## What this task involves
Copy the records below exactly, leaving out any pictures.

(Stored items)
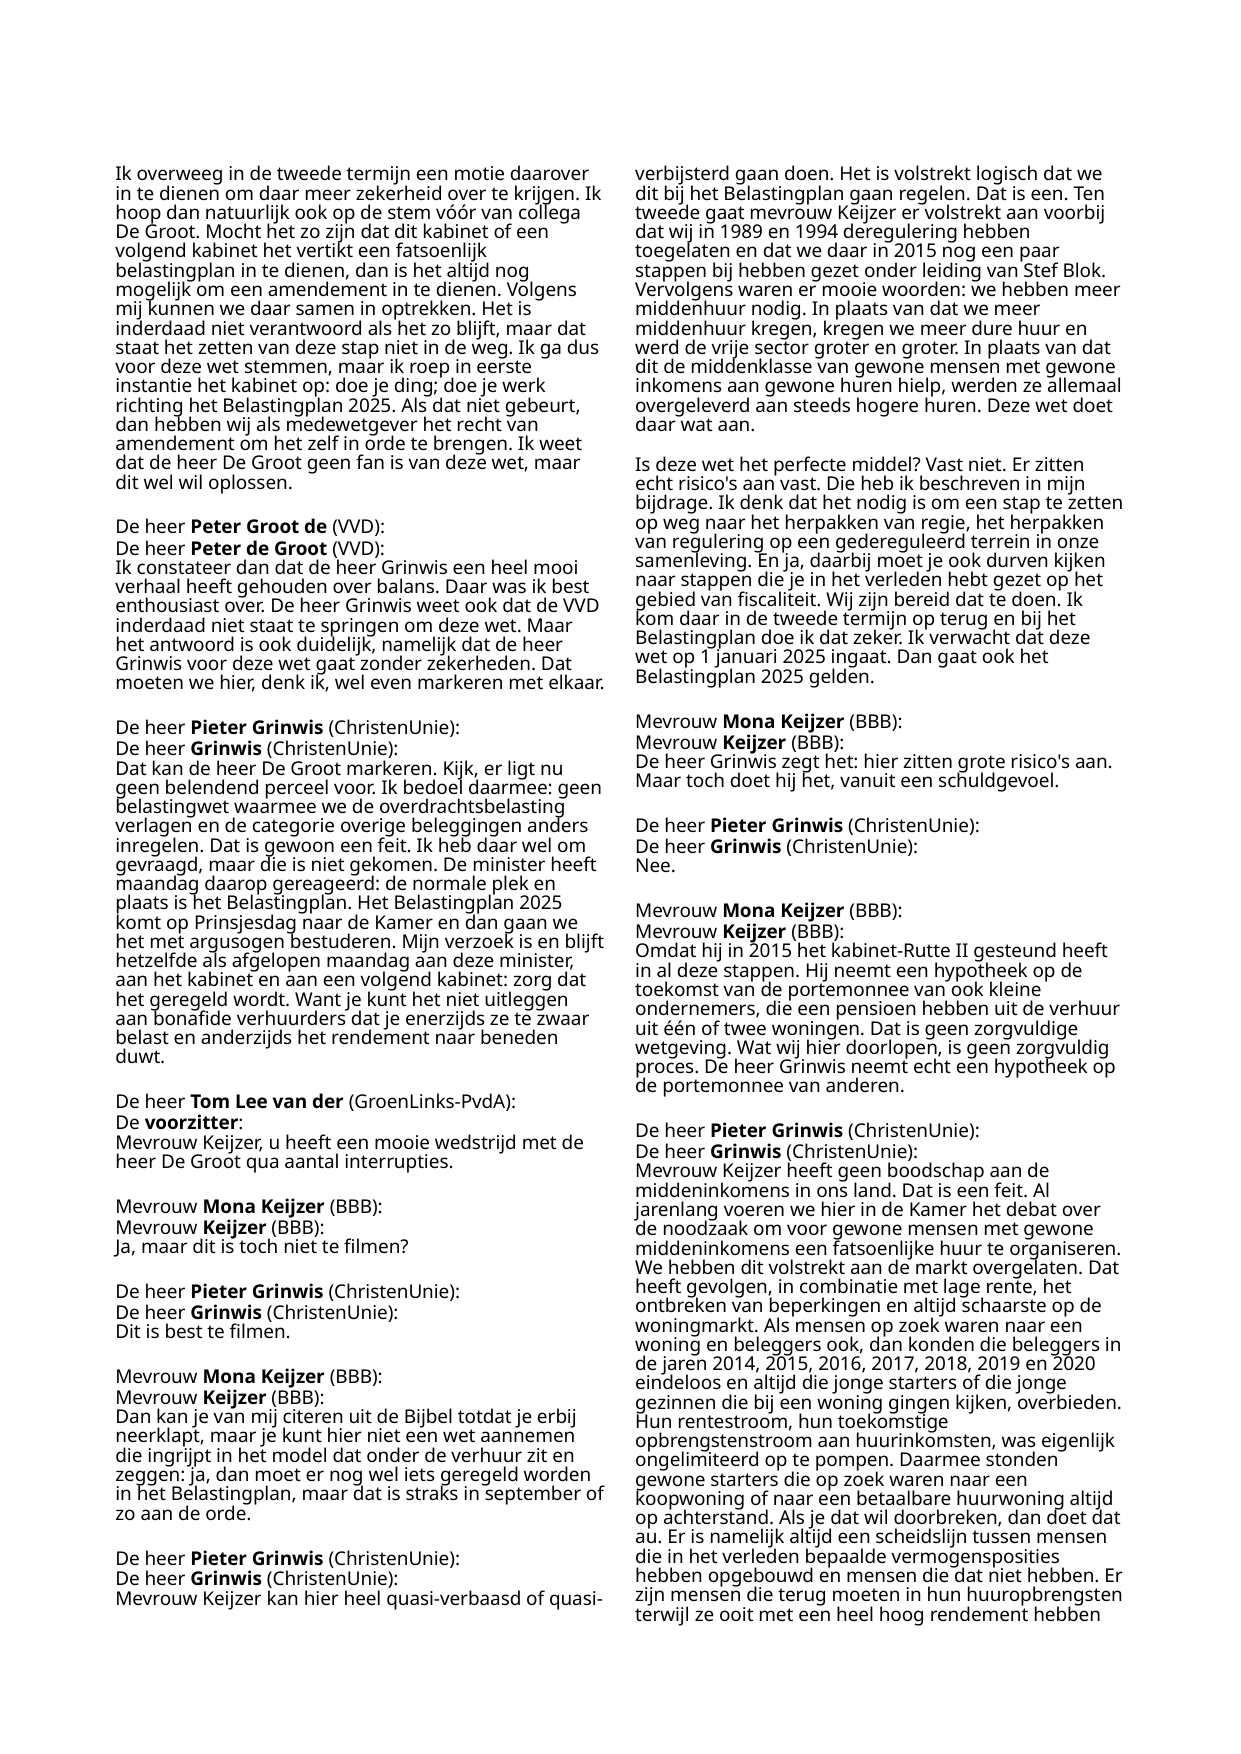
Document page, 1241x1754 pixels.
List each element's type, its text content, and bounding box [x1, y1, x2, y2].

text Nee. [635, 857, 1125, 877]
text Mevrouw Keijzer kan hier heel quasi-verbaasd of quasi- [115, 1590, 605, 1609]
text Mevrouw Mona Keijzer (BBB): [635, 708, 1125, 734]
text Mevrouw Mona Keijzer (BBB): [115, 1363, 605, 1389]
text De heer Pieter Grinwis (ChristenUnie): [115, 1278, 605, 1304]
text Ja, maar dit is toch niet te filmen? [115, 1238, 605, 1257]
text Ik constateer dan dat de heer Grinwis een heel mooi verhaal heeft gehouden over balans. Daar was ik best enthousiast over. De heer Grinwis weet ook dat de VVD inderdaad niet staat te springen om deze wet. Maar het antwoord is ook duidelijk, namelijk dat de heer Grinwis voor deze wet gaat zonder zekerheden. Dat moeten we hier, denk ik, wel even markeren met elkaar. [115, 559, 605, 694]
text De heer Grinwis (ChristenUnie): [635, 1143, 1125, 1162]
text Omdat hij in 2015 het kabinet-Rutte II gesteund heeft in al deze stappen. Hij neemt een hypotheek op de toekomst van de portemonnee van ook kleine ondernemers, die een pensioen hebben uit de verhuur uit één of twee woningen. Dat is geen zorgvuldige wetgeving. Wat wij hier doorlopen, is geen zorgvuldig proces. De heer Grinwis neemt echt een hypotheek op de portemonnee van anderen. [635, 942, 1125, 1097]
text De heer Pieter Grinwis (ChristenUnie): [635, 1117, 1125, 1143]
text De heer Peter Groot de (VVD): [115, 514, 605, 539]
text De heer Grinwis (ChristenUnie): [115, 1570, 605, 1590]
text Mevrouw Keijzer (BBB): [635, 923, 1125, 942]
text Mevrouw Keijzer, u heeft een mooie wedstrijd met de heer De Groot qua aantal interrupties. [115, 1134, 605, 1172]
text Ik overweeg in de tweede termijn een motie daarover in te dienen om daar meer zekerheid over te krijgen. Ik hoop dan natuurlijk ook op de stem vóór van collega De Groot. Mocht het zo zijn dat dit kabinet of een volgend kabinet het vertikt een fatsoenlijk belastingplan in te dienen, dan is het altijd nog mogelijk om een amendement in te dienen. Volgens mij kunnen we daar samen in optrekken. Het is inderdaad niet verantwoord als het zo blijft, maar dat staat het zetten van deze stap niet in de weg. Ik ga dus voor deze wet stemmen, maar ik roep in eerste instantie het kabinet op: doe je ding; doe je werk richting het Belastingplan 2025. Als dat niet gebeurt, dan hebben wij als medewetgever het recht van amendement om het zelf in orde te brengen. Ik weet dat de heer De Groot geen fan is van deze wet, maar dit wel wil oplossen. [115, 165, 605, 493]
text Is deze wet het perfecte middel? Vast niet. Er zitten echt risico's aan vast. Die heb ik beschreven in mijn bijdrage. Ik denk dat het nodig is om een stap te zetten op weg naar het herpakken van regie, het herpakken van regulering op een gedereguleerd terrein in onze samenleving. En ja, daarbij moet je ook durven kijken naar stappen die je in het verleden hebt gezet op het gebied van fiscaliteit. Wij zijn bereid dat te doen. Ik kom daar in de tweede termijn op terug en bij het Belastingplan doe ik dat zeker. Ik verwacht dat deze wet op 1 januari 2025 ingaat. Dan gaat ook het Belastingplan 2025 gelden. [635, 456, 1125, 687]
text Dit is best te filmen. [115, 1323, 605, 1342]
text De heer Grinwis (ChristenUnie): [635, 838, 1125, 857]
text verbijsterd gaan doen. Het is volstrekt logisch dat we dit bij het Belastingplan gaan regelen. Dat is een. Ten tweede gaat mevrouw Keijzer er volstrekt aan voorbij dat wij in 1989 en 1994 deregulering hebben toegelaten en dat we daar in 2015 nog een paar stappen bij hebben gezet onder leiding van Stef Blok. Vervolgens waren er mooie woorden: we hebben meer middenhuur nodig. In plaats van dat we meer middenhuur kregen, kregen we meer dure huur en werd de vrije sector groter en groter. In plaats van dat dit de middenklasse van gewone mensen met gewone inkomens aan gewone huren hielp, werden ze allemaal overgeleverd aan steeds hogere huren. Deze wet doet daar wat aan. [635, 165, 1125, 435]
text De heer Grinwis (ChristenUnie): [115, 740, 605, 759]
text De heer Pieter Grinwis (ChristenUnie): [115, 714, 605, 740]
text De heer Pieter Grinwis (ChristenUnie): [635, 812, 1125, 838]
text Dat kan de heer De Groot markeren. Kijk, er ligt nu geen belendend perceel voor. Ik bedoel daarmee: geen belastingwet waarmee we de overdrachtsbelasting verlagen en de categorie overige beleggingen anders inregelen. Dat is gewoon een feit. Ik heb daar wel om gevraagd, maar die is niet gekomen. De minister heeft maandag daarop gereageerd: de normale plek en plaats is het Belastingplan. Het Belastingplan 2025 komt op Prinsjesdag naar de Kamer en dan gaan we het met argusogen bestuderen. Mijn verzoek is en blijft hetzelfde als afgelopen maandag aan deze minister, aan het kabinet en aan een volgend kabinet: zorg dat het geregeld wordt. Want je kunt het niet uitleggen aan bonafide verhuurders dat je enerzijds ze te zwaar belast en anderzijds het rendement naar beneden duwt. [115, 759, 605, 1068]
text De heer Tom Lee van der (GroenLinks-PvdA): [115, 1089, 605, 1114]
text Mevrouw Keijzer heeft geen boodschap aan de middeninkomens in ons land. Dat is een feit. Al jarenlang voeren we hier in de Kamer het debat over de noodzaak om voor gewone mensen met gewone middeninkomens een fatsoenlijke huur te organiseren. We hebben dit volstrekt aan de markt overgelaten. Dat heeft gevolgen, in combinatie met lage rente, het ontbreken van beperkingen en altijd schaarste op de woningmarkt. Als mensen op zoek waren naar een woning en beleggers ook, dan konden die beleggers in de jaren 2014, 2015, 2016, 2017, 2018, 2019 en 2020 eindeloos en altijd die jonge starters of die jonge gezinnen die bij een woning gingen kijken, overbieden. Hun rentestroom, hun toekomstige opbrengstenstroom aan huurinkomsten, was eigenlijk ongelimiteerd op te pompen. Daarmee stonden gewone starters die op zoek waren naar een koopwoning of naar een betaalbare huurwoning altijd op achterstand. Als je dat wil doorbreken, dan doet dat au. Er is namelijk altijd een scheidslijn tussen mensen die in het verleden bepaalde vermogensposities hebben opgebouwd en mensen die dat niet hebben. Er zijn mensen die terug moeten in hun huuropbrengsten terwijl ze ooit met een heel hoog rendement hebben [635, 1162, 1125, 1625]
text Dan kan je van mij citeren uit de Bijbel totdat je erbij neerklapt, maar je kunt hier niet een wet aannemen die ingrijpt in het model dat onder de verhuur zit en zeggen: ja, dan moet er nog wel iets geregeld worden in het Belastingplan, maar dat is straks in september of zo aan de orde. [115, 1408, 605, 1524]
text De heer Peter de Groot (VVD): [115, 539, 605, 559]
text Mevrouw Mona Keijzer (BBB): [115, 1193, 605, 1219]
text Mevrouw Keijzer (BBB): [635, 734, 1125, 753]
text De heer Pieter Grinwis (ChristenUnie): [115, 1545, 605, 1570]
text De voorzitter: [115, 1114, 605, 1134]
text De heer Grinwis (ChristenUnie): [115, 1304, 605, 1323]
text Mevrouw Keijzer (BBB): [115, 1389, 605, 1408]
text Mevrouw Mona Keijzer (BBB): [635, 897, 1125, 923]
text De heer Grinwis zegt het: hier zitten grote risico's aan. Maar toch doet hij het, vanuit een schuldgevoel. [635, 753, 1125, 791]
text Mevrouw Keijzer (BBB): [115, 1219, 605, 1238]

## Task solution
Document page, 1241x1754 pixels.
List each element's type, its text content, and bounding box [x1, y1, x2, y2].

text Nee. [635, 857, 1125, 877]
text Mevrouw Keijzer kan hier heel quasi-verbaasd of quasi- [115, 1590, 605, 1609]
text Mevrouw Mona Keijzer (BBB): [635, 708, 1125, 734]
text Mevrouw Mona Keijzer (BBB): [115, 1363, 605, 1389]
text De heer Pieter Grinwis (ChristenUnie): [115, 1278, 605, 1304]
text Ja, maar dit is toch niet te filmen? [115, 1238, 605, 1257]
text Ik constateer dan dat de heer Grinwis een heel mooi verhaal heeft gehouden over balans. Daar was ik best enthousiast over. De heer Grinwis weet ook dat de VVD inderdaad niet staat te springen om deze wet. Maar het antwoord is ook duidelijk, namelijk dat de heer Grinwis voor deze wet gaat zonder zekerheden. Dat moeten we hier, denk ik, wel even markeren met elkaar. [115, 559, 605, 694]
text De heer Grinwis (ChristenUnie): [635, 1143, 1125, 1162]
text Omdat hij in 2015 het kabinet-Rutte II gesteund heeft in al deze stappen. Hij neemt een hypotheek op de toekomst van de portemonnee van ook kleine ondernemers, die een pensioen hebben uit de verhuur uit één of twee woningen. Dat is geen zorgvuldige wetgeving. Wat wij hier doorlopen, is geen zorgvuldig proces. De heer Grinwis neemt echt een hypotheek op de portemonnee van anderen. [635, 942, 1125, 1097]
text De heer Pieter Grinwis (ChristenUnie): [635, 1117, 1125, 1143]
text De heer Peter Groot de (VVD): [115, 514, 605, 539]
text De heer Grinwis (ChristenUnie): [115, 1570, 605, 1590]
text Mevrouw Keijzer (BBB): [635, 923, 1125, 942]
text Mevrouw Keijzer, u heeft een mooie wedstrijd met de heer De Groot qua aantal interrupties. [115, 1134, 605, 1172]
text Ik overweeg in de tweede termijn een motie daarover in te dienen om daar meer zekerheid over te krijgen. Ik hoop dan natuurlijk ook op de stem vóór van collega De Groot. Mocht het zo zijn dat dit kabinet of een volgend kabinet het vertikt een fatsoenlijk belastingplan in te dienen, dan is het altijd nog mogelijk om een amendement in te dienen. Volgens mij kunnen we daar samen in optrekken. Het is inderdaad niet verantwoord als het zo blijft, maar dat staat het zetten van deze stap niet in de weg. Ik ga dus voor deze wet stemmen, maar ik roep in eerste instantie het kabinet op: doe je ding; doe je werk richting het Belastingplan 2025. Als dat niet gebeurt, dan hebben wij als medewetgever het recht van amendement om het zelf in orde te brengen. Ik weet dat de heer De Groot geen fan is van deze wet, maar dit wel wil oplossen. [115, 165, 605, 493]
text Is deze wet het perfecte middel? Vast niet. Er zitten echt risico's aan vast. Die heb ik beschreven in mijn bijdrage. Ik denk dat het nodig is om een stap te zetten op weg naar het herpakken van regie, het herpakken van regulering op een gedereguleerd terrein in onze samenleving. En ja, daarbij moet je ook durven kijken naar stappen die je in het verleden hebt gezet op het gebied van fiscaliteit. Wij zijn bereid dat te doen. Ik kom daar in de tweede termijn op terug en bij het Belastingplan doe ik dat zeker. Ik verwacht dat deze wet op 1 januari 2025 ingaat. Dan gaat ook het Belastingplan 2025 gelden. [635, 456, 1125, 687]
text Dit is best te filmen. [115, 1323, 605, 1342]
text De heer Grinwis (ChristenUnie): [635, 838, 1125, 857]
text verbijsterd gaan doen. Het is volstrekt logisch dat we dit bij het Belastingplan gaan regelen. Dat is een. Ten tweede gaat mevrouw Keijzer er volstrekt aan voorbij dat wij in 1989 en 1994 deregulering hebben toegelaten en dat we daar in 2015 nog een paar stappen bij hebben gezet onder leiding van Stef Blok. Vervolgens waren er mooie woorden: we hebben meer middenhuur nodig. In plaats van dat we meer middenhuur kregen, kregen we meer dure huur en werd de vrije sector groter en groter. In plaats van dat dit de middenklasse van gewone mensen met gewone inkomens aan gewone huren hielp, werden ze allemaal overgeleverd aan steeds hogere huren. Deze wet doet daar wat aan. [635, 165, 1125, 435]
text De heer Grinwis (ChristenUnie): [115, 740, 605, 759]
text De heer Pieter Grinwis (ChristenUnie): [115, 714, 605, 740]
text De heer Pieter Grinwis (ChristenUnie): [635, 812, 1125, 838]
text Dat kan de heer De Groot markeren. Kijk, er ligt nu geen belendend perceel voor. Ik bedoel daarmee: geen belastingwet waarmee we de overdrachtsbelasting verlagen en de categorie overige beleggingen anders inregelen. Dat is gewoon een feit. Ik heb daar wel om gevraagd, maar die is niet gekomen. De minister heeft maandag daarop gereageerd: de normale plek en plaats is het Belastingplan. Het Belastingplan 2025 komt op Prinsjesdag naar de Kamer en dan gaan we het met argusogen bestuderen. Mijn verzoek is en blijft hetzelfde als afgelopen maandag aan deze minister, aan het kabinet en aan een volgend kabinet: zorg dat het geregeld wordt. Want je kunt het niet uitleggen aan bonafide verhuurders dat je enerzijds ze te zwaar belast en anderzijds het rendement naar beneden duwt. [115, 759, 605, 1068]
text De heer Tom Lee van der (GroenLinks-PvdA): [115, 1089, 605, 1114]
text Mevrouw Keijzer heeft geen boodschap aan de middeninkomens in ons land. Dat is een feit. Al jarenlang voeren we hier in de Kamer het debat over de noodzaak om voor gewone mensen met gewone middeninkomens een fatsoenlijke huur te organiseren. We hebben dit volstrekt aan de markt overgelaten. Dat heeft gevolgen, in combinatie met lage rente, het ontbreken van beperkingen en altijd schaarste op de woningmarkt. Als mensen op zoek waren naar een woning en beleggers ook, dan konden die beleggers in de jaren 2014, 2015, 2016, 2017, 2018, 2019 en 2020 eindeloos en altijd die jonge starters of die jonge gezinnen die bij een woning gingen kijken, overbieden. Hun rentestroom, hun toekomstige opbrengstenstroom aan huurinkomsten, was eigenlijk ongelimiteerd op te pompen. Daarmee stonden gewone starters die op zoek waren naar een koopwoning of naar een betaalbare huurwoning altijd op achterstand. Als je dat wil doorbreken, dan doet dat au. Er is namelijk altijd een scheidslijn tussen mensen die in het verleden bepaalde vermogensposities hebben opgebouwd en mensen die dat niet hebben. Er zijn mensen die terug moeten in hun huuropbrengsten terwijl ze ooit met een heel hoog rendement hebben [635, 1162, 1125, 1625]
text Dan kan je van mij citeren uit de Bijbel totdat je erbij neerklapt, maar je kunt hier niet een wet aannemen die ingrijpt in het model dat onder de verhuur zit en zeggen: ja, dan moet er nog wel iets geregeld worden in het Belastingplan, maar dat is straks in september of zo aan de orde. [115, 1408, 605, 1524]
text De heer Peter de Groot (VVD): [115, 539, 605, 559]
text Mevrouw Mona Keijzer (BBB): [115, 1193, 605, 1219]
text Mevrouw Keijzer (BBB): [635, 734, 1125, 753]
text De heer Pieter Grinwis (ChristenUnie): [115, 1545, 605, 1570]
text De voorzitter: [115, 1114, 605, 1134]
text De heer Grinwis (ChristenUnie): [115, 1304, 605, 1323]
text Mevrouw Keijzer (BBB): [115, 1389, 605, 1408]
text Mevrouw Mona Keijzer (BBB): [635, 897, 1125, 923]
text De heer Grinwis zegt het: hier zitten grote risico's aan. Maar toch doet hij het, vanuit een schuldgevoel. [635, 753, 1125, 791]
text Mevrouw Keijzer (BBB): [115, 1219, 605, 1238]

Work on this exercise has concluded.